• SUPPLIED RECORDS:
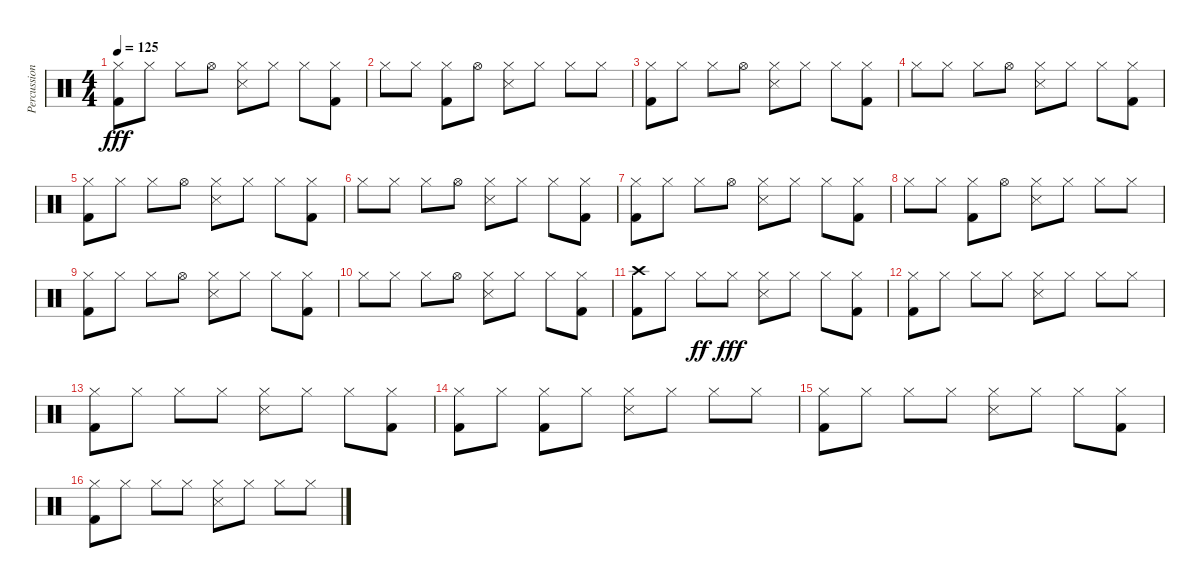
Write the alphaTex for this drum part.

\track ("Percussion" "Percussion") {instrument percussion}
\staff {score}
\articulation defaults
\ts (4 4)
\tempo 125
\clef neutral
\ks c
("Hi-Hat (closed)" "Kick (hit) 2").8{dy fff} "Hi-Hat (closed)".8 "Hi-Hat (closed)".8 "Hi-Hat (open)".8 ("Hi-Hat (closed)" "Snare (side stick) 3").8 "Hi-Hat (closed)".8 "Hi-Hat (closed)".8 ("Hi-Hat (closed)" "Kick (hit) 2").8 |
"Hi-Hat (closed)".8 "Hi-Hat (closed)".8 ("Hi-Hat (closed)" "Kick (hit) 2").8 "Hi-Hat (open)".8 ("Hi-Hat (closed)" "Snare (side stick) 3").8 "Hi-Hat (closed)".8 "Hi-Hat (closed)".8 "Hi-Hat (closed)".8 |
("Hi-Hat (closed)" "Kick (hit) 2").8 "Hi-Hat (closed)".8 "Hi-Hat (closed)".8 "Hi-Hat (open)".8 ("Hi-Hat (closed)" "Snare (side stick) 3").8 "Hi-Hat (closed)".8 "Hi-Hat (closed)".8 ("Hi-Hat (closed)" "Kick (hit) 2").8 |
"Hi-Hat (closed)".8 "Hi-Hat (closed)".8 "Hi-Hat (closed)".8 "Hi-Hat (open)".8 ("Hi-Hat (closed)" "Snare (side stick) 3").8 "Hi-Hat (closed)".8 "Hi-Hat (closed)".8 ("Hi-Hat (closed)" "Kick (hit) 2").8 |
("Hi-Hat (closed)" "Kick (hit) 2").8 "Hi-Hat (closed)".8 "Hi-Hat (closed)".8 "Hi-Hat (open)".8 ("Hi-Hat (closed)" "Snare (side stick) 3").8 "Hi-Hat (closed)".8 "Hi-Hat (closed)".8 ("Hi-Hat (closed)" "Kick (hit) 2").8 |
"Hi-Hat (closed)".8 "Hi-Hat (closed)".8 "Hi-Hat (closed)".8 "Hi-Hat (open)".8 ("Hi-Hat (closed)" "Snare (side stick) 3").8 "Hi-Hat (closed)".8 "Hi-Hat (closed)".8 ("Hi-Hat (closed)" "Kick (hit) 2").8 |
("Hi-Hat (closed)" "Kick (hit) 2").8 "Hi-Hat (closed)".8 "Hi-Hat (closed)".8 "Hi-Hat (open)".8 ("Hi-Hat (closed)" "Snare (side stick) 3").8 "Hi-Hat (closed)".8 "Hi-Hat (closed)".8 ("Hi-Hat (closed)" "Kick (hit) 2").8 |
"Hi-Hat (closed)".8 "Hi-Hat (closed)".8 ("Hi-Hat (closed)" "Kick (hit) 2").8 "Hi-Hat (open)".8 ("Hi-Hat (closed)" "Snare (side stick) 3").8 "Hi-Hat (closed)".8 "Hi-Hat (closed)".8 "Hi-Hat (closed)".8 |
("Hi-Hat (closed)" "Kick (hit) 2").8 "Hi-Hat (closed)".8 "Hi-Hat (closed)".8 "Hi-Hat (open)".8 ("Hi-Hat (closed)" "Snare (side stick) 3").8 "Hi-Hat (closed)".8 "Hi-Hat (closed)".8 ("Hi-Hat (closed)" "Kick (hit) 2").8 |
"Hi-Hat (closed)".8 "Hi-Hat (closed)".8 "Hi-Hat (closed)".8 "Hi-Hat (open)".8 ("Hi-Hat (closed)" "Snare (side stick) 3").8 "Hi-Hat (closed)".8 "Hi-Hat (closed)".8 ("Hi-Hat (closed)" "Kick (hit) 2").8 |
("Kick (hit) 2" "Crash high (hit)").8 "Hi-Hat (closed)".8 "Hi-Hat (closed)".8{dy ff} "Hi-Hat (closed)".8{dy fff} ("Snare (side stick) 3" "Hi-Hat (closed)").8 "Hi-Hat (closed)".8 "Hi-Hat (closed)".8 ("Kick (hit) 2" "Hi-Hat (closed)").8 |
("Kick (hit) 2" "Hi-Hat (closed)").8 "Hi-Hat (closed)".8 "Hi-Hat (closed)".8 "Hi-Hat (closed)".8 ("Snare (side stick) 3" "Hi-Hat (closed)").8 "Hi-Hat (closed)".8 "Hi-Hat (closed)".8 "Hi-Hat (closed)".8 |
("Kick (hit) 2" "Hi-Hat (closed)").8 "Hi-Hat (closed)".8 "Hi-Hat (closed)".8 "Hi-Hat (closed)".8 ("Snare (side stick) 3" "Hi-Hat (closed)").8 "Hi-Hat (closed)".8 "Hi-Hat (closed)".8 ("Kick (hit) 2" "Hi-Hat (closed)").8 |
("Kick (hit) 2" "Hi-Hat (closed)").8 "Hi-Hat (closed)".8 ("Kick (hit) 2" "Hi-Hat (closed)").8 "Hi-Hat (closed)".8 ("Snare (side stick) 3" "Hi-Hat (closed)").8 "Hi-Hat (closed)".8 "Hi-Hat (closed)".8 "Hi-Hat (closed)".8 |
("Kick (hit) 2" "Hi-Hat (closed)").8 "Hi-Hat (closed)".8 "Hi-Hat (closed)".8 "Hi-Hat (closed)".8 ("Snare (side stick) 3" "Hi-Hat (closed)").8 "Hi-Hat (closed)".8 "Hi-Hat (closed)".8 ("Kick (hit) 2" "Hi-Hat (closed)").8 |
("Kick (hit) 2" "Hi-Hat (closed)").8 "Hi-Hat (closed)".8 "Hi-Hat (closed)".8 "Hi-Hat (closed)".8 ("Snare (side stick) 3" "Hi-Hat (closed)").8 "Hi-Hat (closed)".8 "Hi-Hat (closed)".8 "Hi-Hat (closed)".8

• WHAT IS REQUIRED:
Repeat the entries faithfully. Any picture gets left out.

• EXPECTED OUTPUT:
Write the alphaTex for this drum part.

\track ("Percussion" "Percussion") {instrument percussion}
\staff {score}
\articulation defaults
\ts (4 4)
\tempo 125
\clef neutral
\ks c
("Hi-Hat (closed)" "Kick (hit) 2").8{dy fff} "Hi-Hat (closed)".8 "Hi-Hat (closed)".8 "Hi-Hat (open)".8 ("Hi-Hat (closed)" "Snare (side stick) 3").8 "Hi-Hat (closed)".8 "Hi-Hat (closed)".8 ("Hi-Hat (closed)" "Kick (hit) 2").8 |
"Hi-Hat (closed)".8 "Hi-Hat (closed)".8 ("Hi-Hat (closed)" "Kick (hit) 2").8 "Hi-Hat (open)".8 ("Hi-Hat (closed)" "Snare (side stick) 3").8 "Hi-Hat (closed)".8 "Hi-Hat (closed)".8 "Hi-Hat (closed)".8 |
("Hi-Hat (closed)" "Kick (hit) 2").8 "Hi-Hat (closed)".8 "Hi-Hat (closed)".8 "Hi-Hat (open)".8 ("Hi-Hat (closed)" "Snare (side stick) 3").8 "Hi-Hat (closed)".8 "Hi-Hat (closed)".8 ("Hi-Hat (closed)" "Kick (hit) 2").8 |
"Hi-Hat (closed)".8 "Hi-Hat (closed)".8 "Hi-Hat (closed)".8 "Hi-Hat (open)".8 ("Hi-Hat (closed)" "Snare (side stick) 3").8 "Hi-Hat (closed)".8 "Hi-Hat (closed)".8 ("Hi-Hat (closed)" "Kick (hit) 2").8 |
("Hi-Hat (closed)" "Kick (hit) 2").8 "Hi-Hat (closed)".8 "Hi-Hat (closed)".8 "Hi-Hat (open)".8 ("Hi-Hat (closed)" "Snare (side stick) 3").8 "Hi-Hat (closed)".8 "Hi-Hat (closed)".8 ("Hi-Hat (closed)" "Kick (hit) 2").8 |
"Hi-Hat (closed)".8 "Hi-Hat (closed)".8 "Hi-Hat (closed)".8 "Hi-Hat (open)".8 ("Hi-Hat (closed)" "Snare (side stick) 3").8 "Hi-Hat (closed)".8 "Hi-Hat (closed)".8 ("Hi-Hat (closed)" "Kick (hit) 2").8 |
("Hi-Hat (closed)" "Kick (hit) 2").8 "Hi-Hat (closed)".8 "Hi-Hat (closed)".8 "Hi-Hat (open)".8 ("Hi-Hat (closed)" "Snare (side stick) 3").8 "Hi-Hat (closed)".8 "Hi-Hat (closed)".8 ("Hi-Hat (closed)" "Kick (hit) 2").8 |
"Hi-Hat (closed)".8 "Hi-Hat (closed)".8 ("Hi-Hat (closed)" "Kick (hit) 2").8 "Hi-Hat (open)".8 ("Hi-Hat (closed)" "Snare (side stick) 3").8 "Hi-Hat (closed)".8 "Hi-Hat (closed)".8 "Hi-Hat (closed)".8 |
("Hi-Hat (closed)" "Kick (hit) 2").8 "Hi-Hat (closed)".8 "Hi-Hat (closed)".8 "Hi-Hat (open)".8 ("Hi-Hat (closed)" "Snare (side stick) 3").8 "Hi-Hat (closed)".8 "Hi-Hat (closed)".8 ("Hi-Hat (closed)" "Kick (hit) 2").8 |
"Hi-Hat (closed)".8 "Hi-Hat (closed)".8 "Hi-Hat (closed)".8 "Hi-Hat (open)".8 ("Hi-Hat (closed)" "Snare (side stick) 3").8 "Hi-Hat (closed)".8 "Hi-Hat (closed)".8 ("Hi-Hat (closed)" "Kick (hit) 2").8 |
("Kick (hit) 2" "Crash high (hit)").8 "Hi-Hat (closed)".8 "Hi-Hat (closed)".8{dy ff} "Hi-Hat (closed)".8{dy fff} ("Snare (side stick) 3" "Hi-Hat (closed)").8 "Hi-Hat (closed)".8 "Hi-Hat (closed)".8 ("Kick (hit) 2" "Hi-Hat (closed)").8 |
("Kick (hit) 2" "Hi-Hat (closed)").8 "Hi-Hat (closed)".8 "Hi-Hat (closed)".8 "Hi-Hat (closed)".8 ("Snare (side stick) 3" "Hi-Hat (closed)").8 "Hi-Hat (closed)".8 "Hi-Hat (closed)".8 "Hi-Hat (closed)".8 |
("Kick (hit) 2" "Hi-Hat (closed)").8 "Hi-Hat (closed)".8 "Hi-Hat (closed)".8 "Hi-Hat (closed)".8 ("Snare (side stick) 3" "Hi-Hat (closed)").8 "Hi-Hat (closed)".8 "Hi-Hat (closed)".8 ("Kick (hit) 2" "Hi-Hat (closed)").8 |
("Kick (hit) 2" "Hi-Hat (closed)").8 "Hi-Hat (closed)".8 ("Kick (hit) 2" "Hi-Hat (closed)").8 "Hi-Hat (closed)".8 ("Snare (side stick) 3" "Hi-Hat (closed)").8 "Hi-Hat (closed)".8 "Hi-Hat (closed)".8 "Hi-Hat (closed)".8 |
("Kick (hit) 2" "Hi-Hat (closed)").8 "Hi-Hat (closed)".8 "Hi-Hat (closed)".8 "Hi-Hat (closed)".8 ("Snare (side stick) 3" "Hi-Hat (closed)").8 "Hi-Hat (closed)".8 "Hi-Hat (closed)".8 ("Kick (hit) 2" "Hi-Hat (closed)").8 |
("Kick (hit) 2" "Hi-Hat (closed)").8 "Hi-Hat (closed)".8 "Hi-Hat (closed)".8 "Hi-Hat (closed)".8 ("Snare (side stick) 3" "Hi-Hat (closed)").8 "Hi-Hat (closed)".8 "Hi-Hat (closed)".8 "Hi-Hat (closed)".8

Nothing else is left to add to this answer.